= Health Services Laboratories =

Health Services Laboratories (HSL) is an independent provider of pathology and diagnostic services to the NHS. Formed in 2015, it is a partnership between The Doctors Laboratory, University College London Hospitals NHS Foundation Trust and the Royal Free London NHS Foundation Trust. The Doctors Laboratory is the longest-established specialist provider of clinically-led pathology services in the UK and is based in central London. It is owned by Sonic Healthcare, an Australian company providing pathology and radiology services.

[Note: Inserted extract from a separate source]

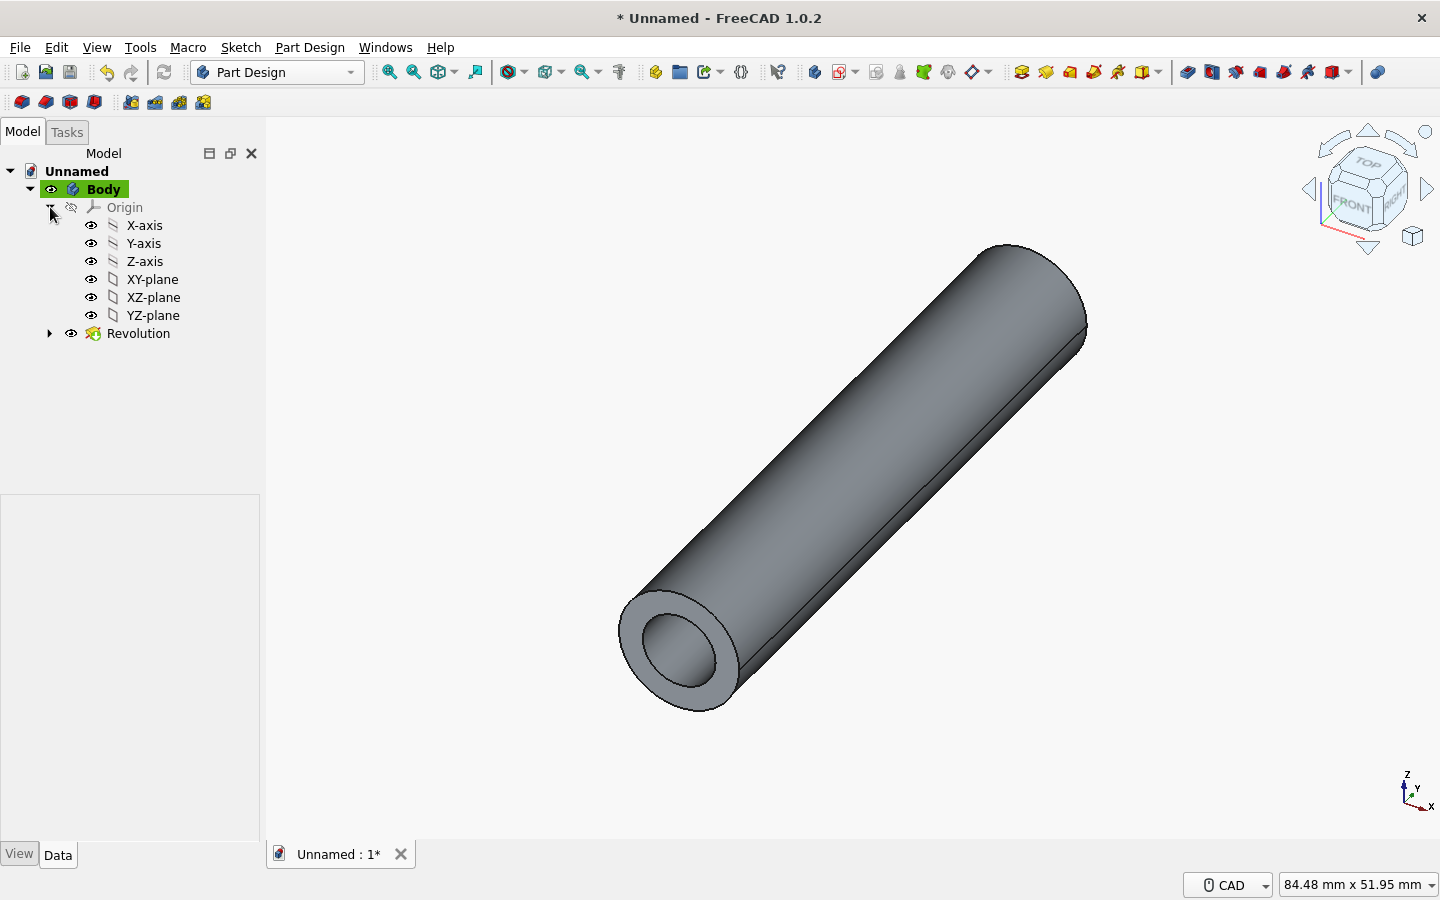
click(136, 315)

HSL's flagship laboratory, the Halo, is based at 1 Mabledon Place, in the heart of London's 'med-city', and is one of the largest pathology laboratories in Europe. Currently in development, it is spread over 11 floors with five split-level basements. The facility will be home to more than 1,000 staff working within a connected suite of laboratories spanning more than 100,000 square feet. The Halo will also have dedicated clinical and non-clinical cores for vertical connectivity. Its other laboratories include rapid response laboratories (RRLs) at Mortimer Market, 60 Whitfield Street, the Royal Free London and North Middlesex Hospital. HSL provides services to a number of NHS trusts. It does not provide services to individuals on a commercial basis.

Lord Carter of Coles chairs the HSL board.

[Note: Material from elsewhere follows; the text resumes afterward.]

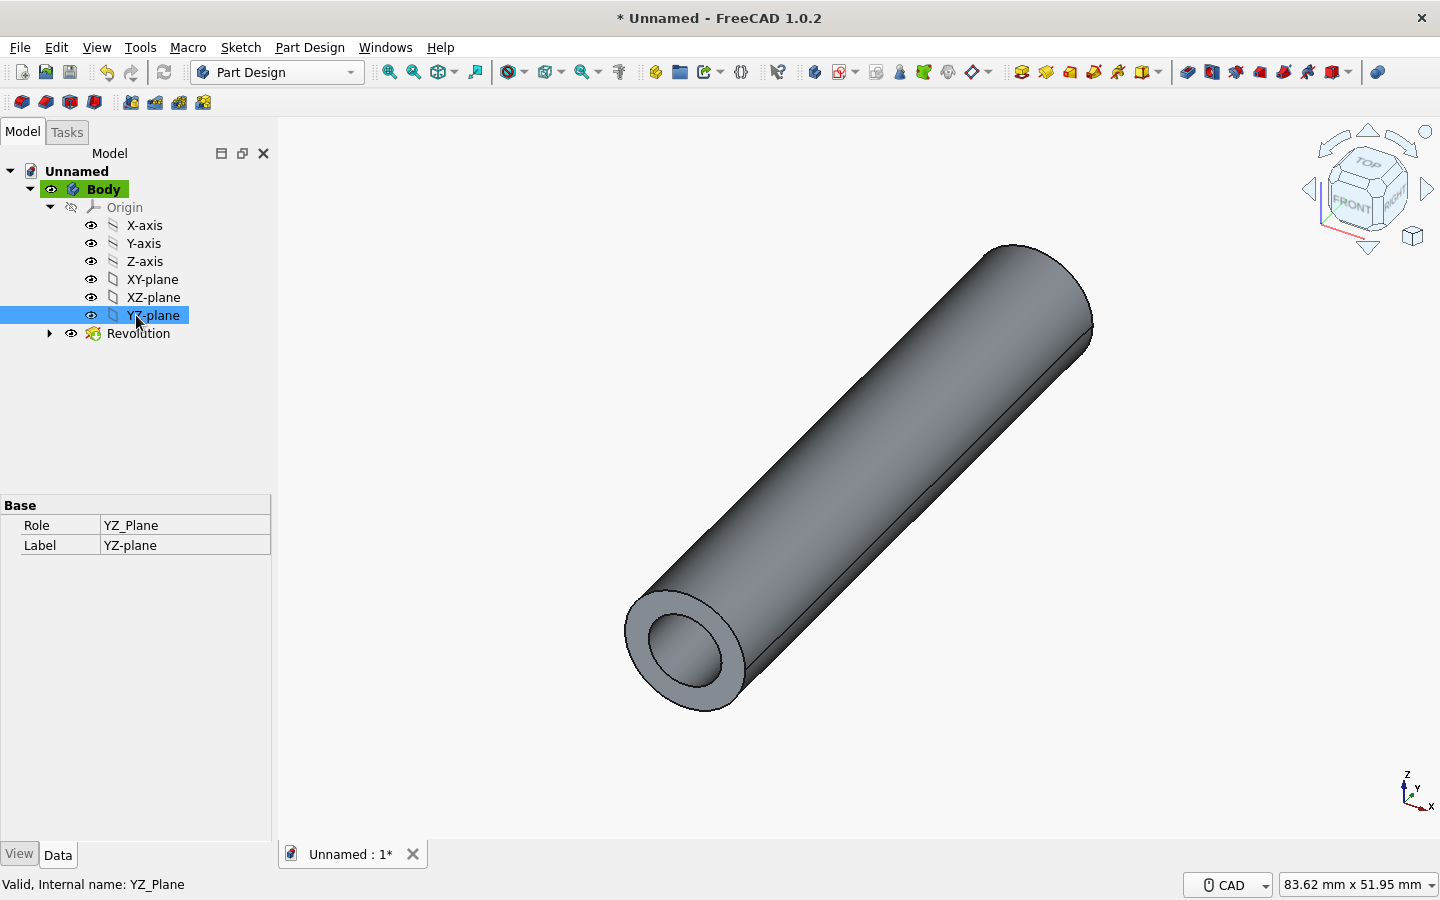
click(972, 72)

The Doctors Laboratory was an early adopter of noninvasive prenatal testing. It started using Roche Diagnostics's Ariosa Diagnostics Harmony test in late 2012.

In May 2017 a report to the North Middlesex University Hospital NHS Trust, which uses the company's services, outlined a rise in incidents reported during the transition to the brand new laboratory. HSL and North Middlesex worked in close partnership to resolve these early teething issues.

In the COVID-19 pandemic in England the firm had £60 million in contracts mostly for PCR testing services in the new Surge Capacity Laboratory in MedCity. Profits were more than £10 million, up from £1.9 million the previous year.